Motivation: CRISPR/Cas9-based technology allows for the functional analysis of genetic variants at single nucleotide resolution whilst maintaining genomic context. This approach, known as saturation genome editing (SGE), a form of deep mutational scanning, systematically alters each position in a target region to explore its function. SGE experiments require the design and synthesis of oligonucleotide variant libraries which are introduced into the genome. This technology is applicable to diverse fields such as disease variant identification, drug development, structure-function studies, synthetic biology, evolutionary genetics and host-pathogen interactions. Here, we present the Variant Library Annotation Tool (VaLiAnT) which can be used to generate variant libraries from user-defined genomic coordinates and standard input files. The software can accommodate user-specified species, reference sequences and transcript annotations.
Results: Coordinates for a genomic range are provided by the user to retrieve a corresponding oligonucleotide reference sequence. A user-specified range within this sequence is then subject to systematic, nucleotide and/or amino acid saturating mutator functions. VaLiAnT provides a novel way to retrieve, mutate and annotate genomic sequences for oligonucleotide library generation. Specific features for SGE library generation can be employed. In addition, VaLiAnT is configurable, allowing for cDNA and prime editing saturation library generation, with other diverse applications possible.
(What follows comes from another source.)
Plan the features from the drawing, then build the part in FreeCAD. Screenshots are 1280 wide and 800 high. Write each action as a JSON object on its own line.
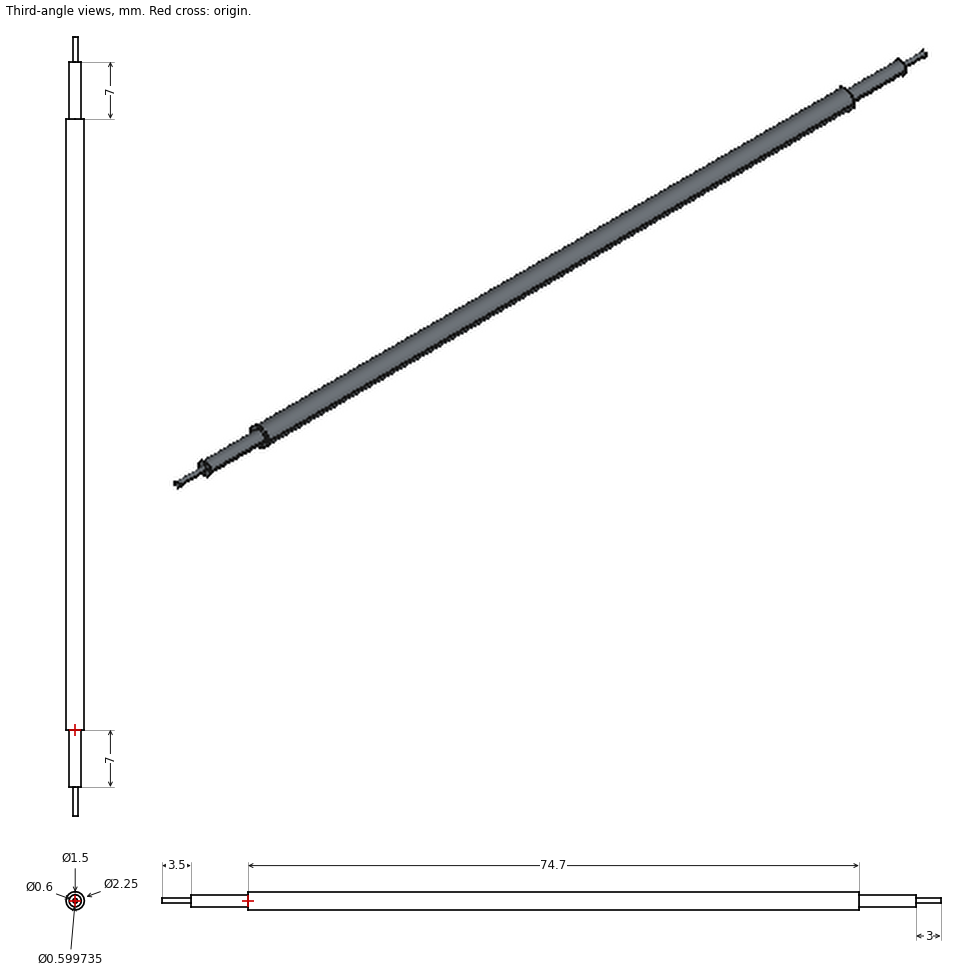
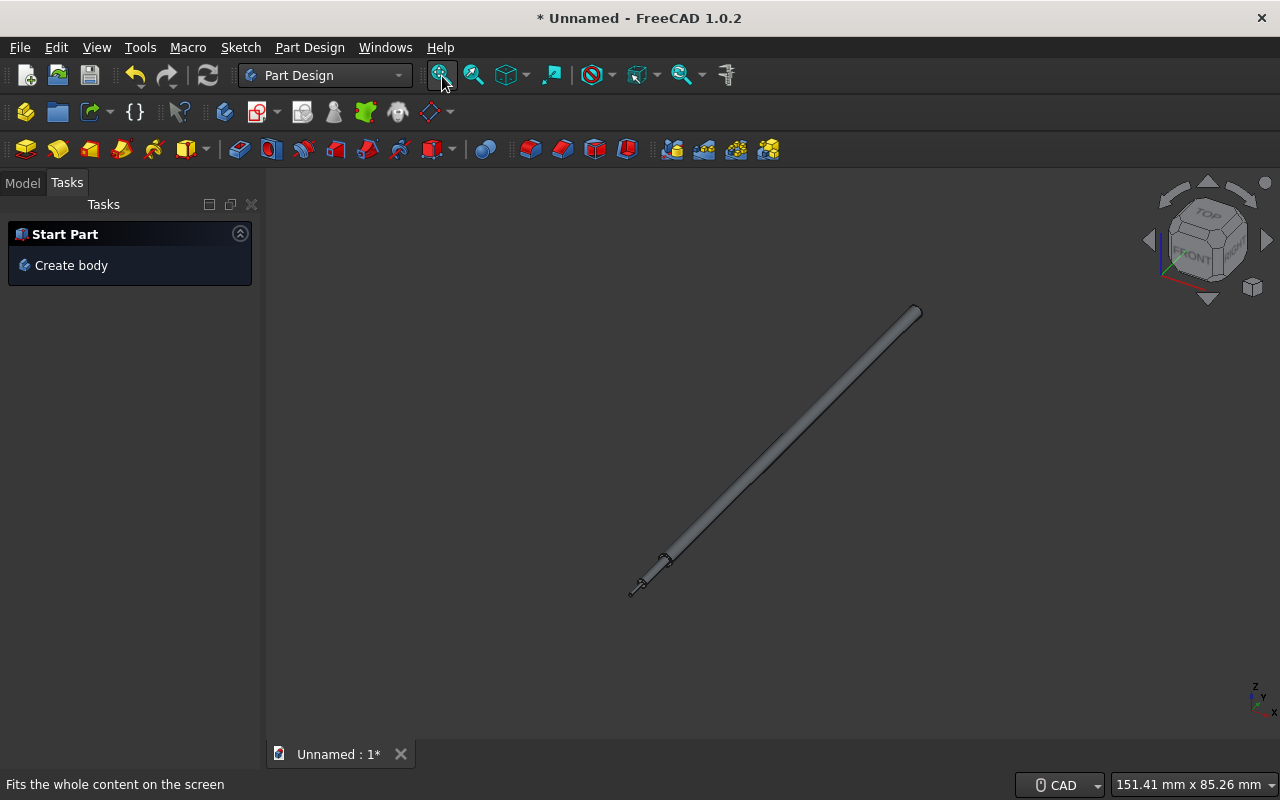
{"action": "left_click", "coordinate": [23, 182]}

Availability And Implementation: VaLiAnT is a command line tool written in Python. Source code, testing data, example input and output files and executables are available (https://github.com/cancerit/VaLiAnT) in addition to a detailed user manual (https://github.com/cancerit/VaLiAnT/wiki). VaLiAnT is licensed under AGPLv3.
Supplementary Information: Supplementary data are available at Bioinformatics online.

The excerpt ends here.